> [TASK ITEM]:
Find the line below with "Go ahead and". Print it and every line after it exactly, through the last line, leaving out the pictures.

----- DATA TO EXAMINE -----

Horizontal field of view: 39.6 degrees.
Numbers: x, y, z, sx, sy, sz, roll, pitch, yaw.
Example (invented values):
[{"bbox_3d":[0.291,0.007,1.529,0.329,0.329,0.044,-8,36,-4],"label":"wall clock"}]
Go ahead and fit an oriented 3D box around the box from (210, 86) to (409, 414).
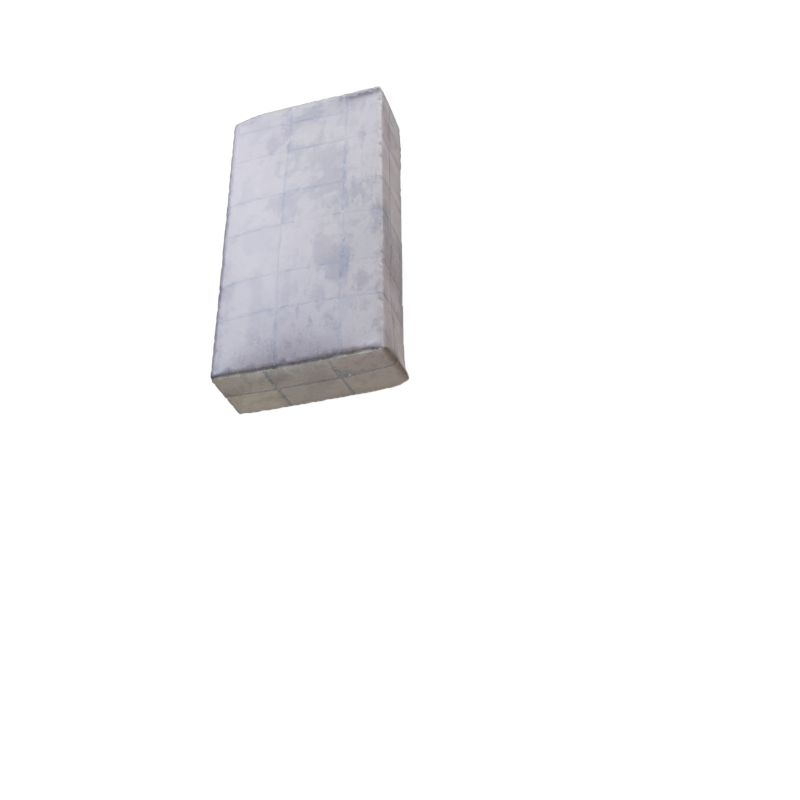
[{"bbox_3d":[-0.047,-0.085,0.595,0.094,0.188,0.044,-12,-34,15],"label":"box"}]

-----

> [RESPONSE BOX]:
Go ahead and fit an oriented 3D box around the box from (210, 86) to (409, 414).
[{"bbox_3d":[-0.047,-0.085,0.595,0.094,0.188,0.044,-12,-34,15],"label":"box"}]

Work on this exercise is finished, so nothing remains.